Translation Invariance of Neural Operators for the FitzHugh-Nagumo Model
Luca Pellegrini
Abstract
Neural Operators (NOs) are a powerful deep learning framework designed to learn the solution operator that arise from partial differential equations. This study investigates NOs ability to capture the stiff spatio-temporal dynamics of the FitzHugh-Nagumo model, which describes excitable cells. A key contribution of this work is evaluating the translation invariance using a novel training strategy. NOs are trained using an applied current with varying spatial locations and intensities at a fixed time, and the test set introduces a more challenging out-of-distribution scenario in which the applied current is translated in both time and space. This approach significantly reduces the computational cost of dataset generation.
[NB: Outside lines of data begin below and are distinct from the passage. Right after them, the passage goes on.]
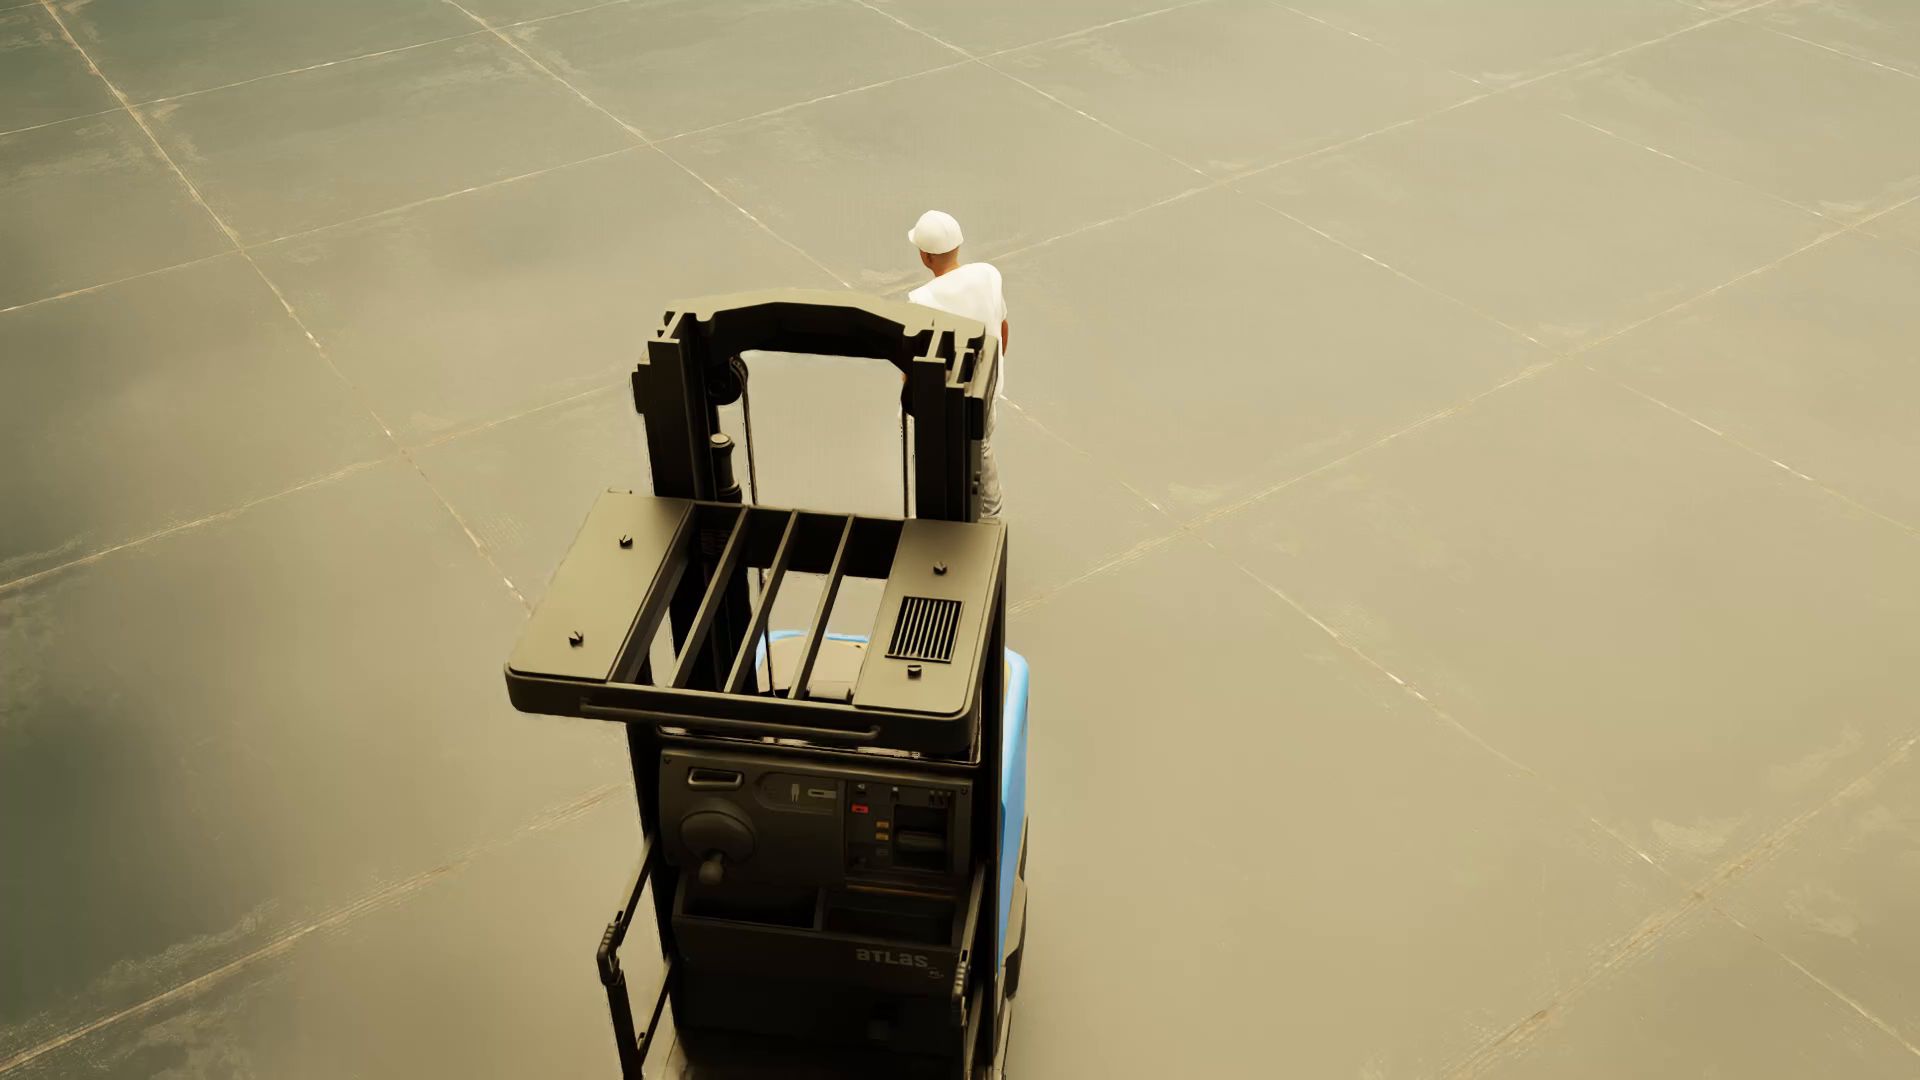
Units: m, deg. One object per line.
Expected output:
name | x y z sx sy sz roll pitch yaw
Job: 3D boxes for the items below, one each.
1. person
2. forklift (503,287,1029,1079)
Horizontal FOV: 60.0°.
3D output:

Moreover we benchmark seven NOs architectures: Convolutional Neural Operators (CNOs), Deep Operator Networks (DONs), DONs with CNN encoder (DONs-CNN), Proper Orthogonal Decomposition DONs (POD-DONs), Fourier Neural Operators (FNOs), Tucker Tensorized FNOs (TFNOs), Localized Neural Operators (LocalNOs). We evaluated these models based on training and test accuracy, efficiency, and inference speed. Our results reveal that CNOs performs well on translated test dynamics. However, they require higher training costs, though their performance on the training set is similar to that of the other considered architectures. In contrast, FNOs achieve the lowest training error, but have the highest inference time. Regarding the translated dynamics, FNOs and their variants provide less accurate predictions. Finally, DONs and their variants demonstrate high efficiency in both training and inference, however they do not generalize well to the test set. These findings highlight the current capabilities and limitations of NOs in capturing complex ionic model dynamics and provide a comprehensive benchmark including their application to scenarios involving translated dynamics.